Le sentenze di merito hanno, inoltre, escluso il concorso anomalo di C. padre nel delitto di omicidio materialmente commesso dal figlio, poiché entrambi gli imputati erano animati, fin dall’inizio, da volontà aggressiva nei confronti degli autori del furto in loro danno e li affrontarono armati di strumenti, di cui almeno uno potenzialmente micidiale, nella concreta previsione e correlativa accettazione del probabile rischio di una degenerazione dello scontro fisico, pur non essendo ispirati da un’originaria volontà omicida.
Quanto al trattamento sanzionatorio, i giudici di merito hanno riconosciuto la circostanza aggravante dei futili motivi per la vistosa sproporzione esistente tra la violenta reazione posta in essere dagli imputati con lesione mortale inferta al G. e il furto di biscotti e barrette di cioccolato, di irrisorio valore, appena prima consumato dalla vittima e dai suoi compagni all’interno del bar, banalità del furto di cui gli imputati erano consapevoli, avendo uno dei testimoni presenti, Z.H., udito C.F. apostrofare i giovani avventori come “sporchi negri, ladri di cioccolatini, vi ammazzo”. Sono state, in particolare, escluse dai giudici del doppio grado del processo di merito le circostanze attenuanti della provocazione e del concorso della persona offesa nella produzione dell’evento doloso: riguardo alla provocazione, è stata rilevata la vistosa inadeguatezza della reazione (spedizione armata punitiva) rispetto alla banale azione furtiva, sintomatica di una condotta aggressiva compiuta non già in preda ad un semplice stato d’ira, ma con sentimenti di vendetta mista ad odio, rafforzati dalla provenienza geografica degli avversati, come attestato dalle frasi sprezzanti rivolte dagli imputati ai giovani antagonisti: “Venite a rubare e poi scappate… ladri ritornate nei vostri paesi”; riguardo alla circostanza attenuante prevista dall’art. 62, comma primo, n. 5, c.p., si è osservato che la condotta della vittima non costituì concausa, ai sensi dell’art. 41 c.p., dell’evento letale sia sotto il profilo della causalità materiale, sia sotto il profilo della causalità psicologica.

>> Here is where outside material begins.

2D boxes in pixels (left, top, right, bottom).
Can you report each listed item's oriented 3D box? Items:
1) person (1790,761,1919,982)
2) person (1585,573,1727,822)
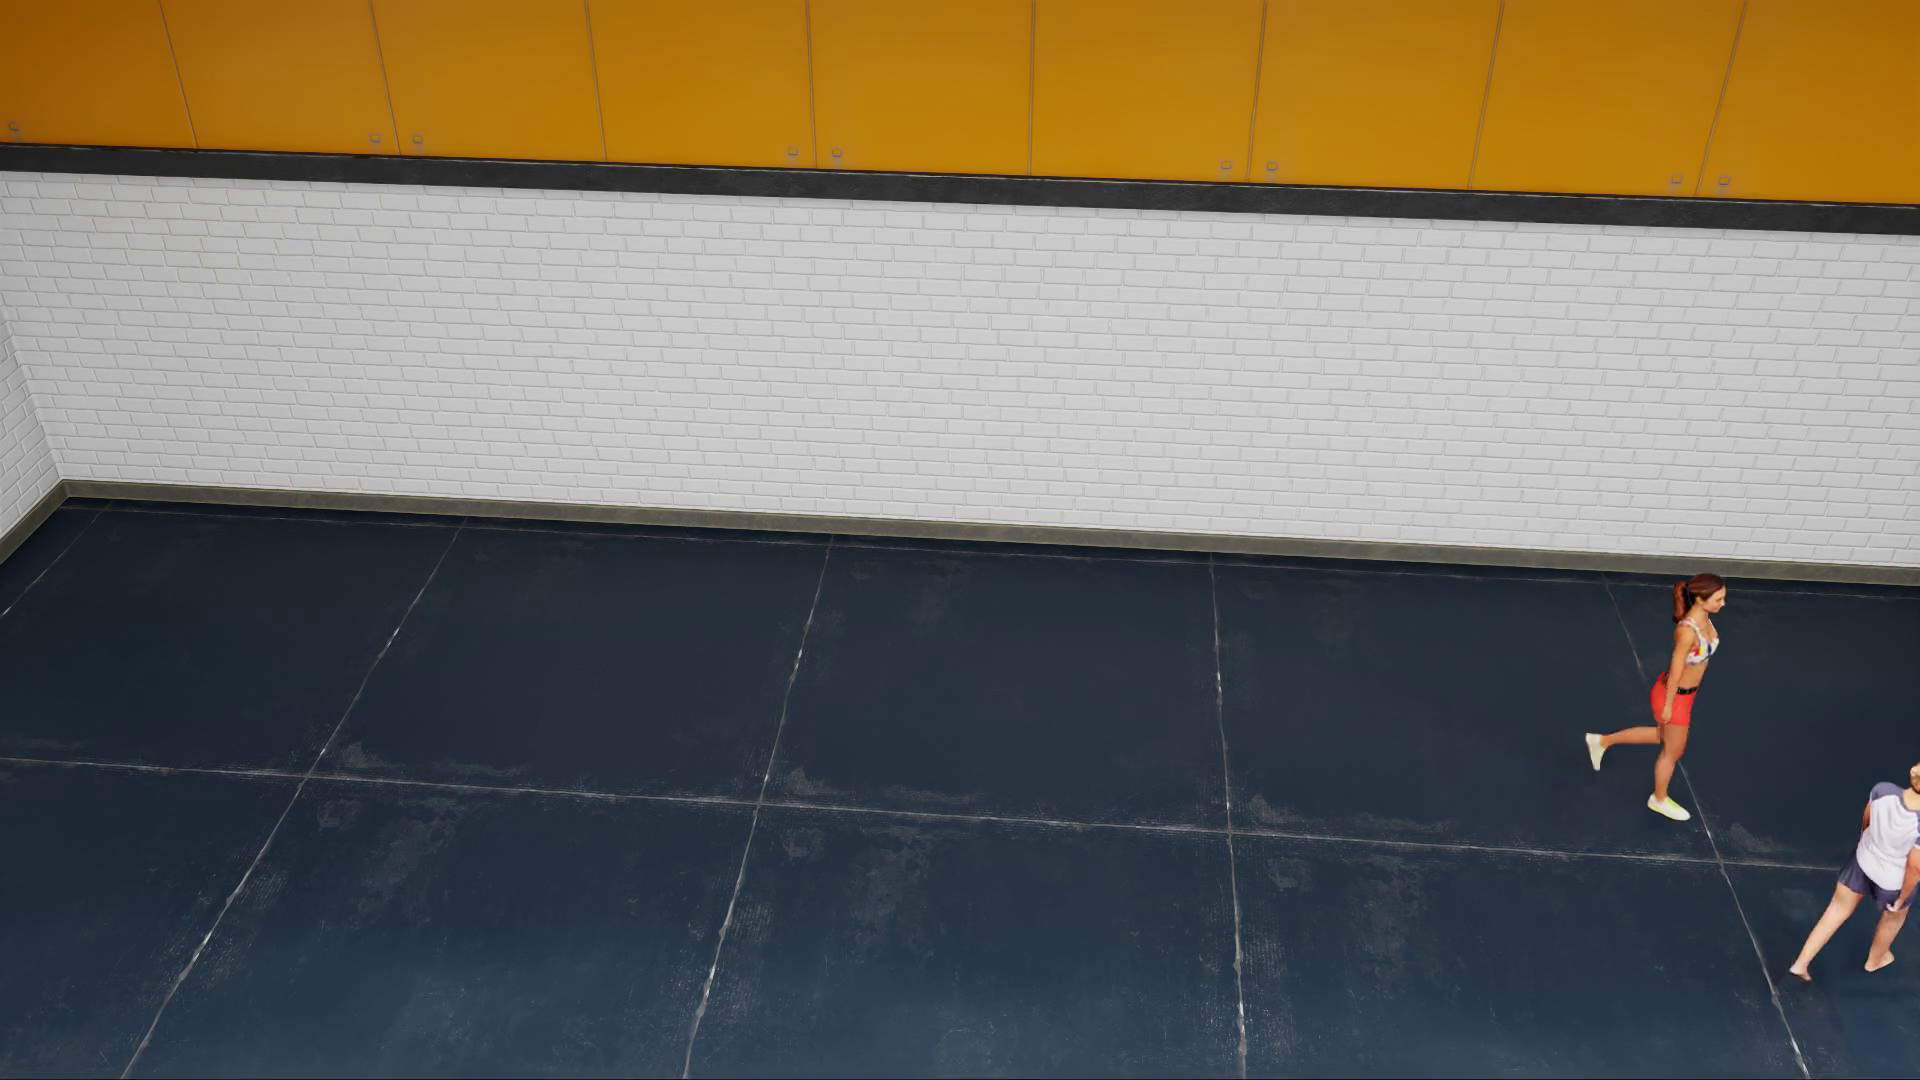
[{"bbox_3d":[4.959,1.827,9.039,0.980,1.594,0.980,-20,38,-27],"label":"person"},{"bbox_3d":[4.316,0.929,10.228,0.948,1.774,0.995,23,40,30],"label":"person"}]

Infine, il mancato giudizio di prevalenza delle pur riconosciute attenuanti generiche sulla ritenuta circostanza aggravante dei futili motivi e sulle contestate recidive è stato giustificato, per entrambi gli imputati, in ragione della particolare gravità della loro condotta prima, durante e dopo il fatto e dei rispettivi, anche specifici, precedenti penali.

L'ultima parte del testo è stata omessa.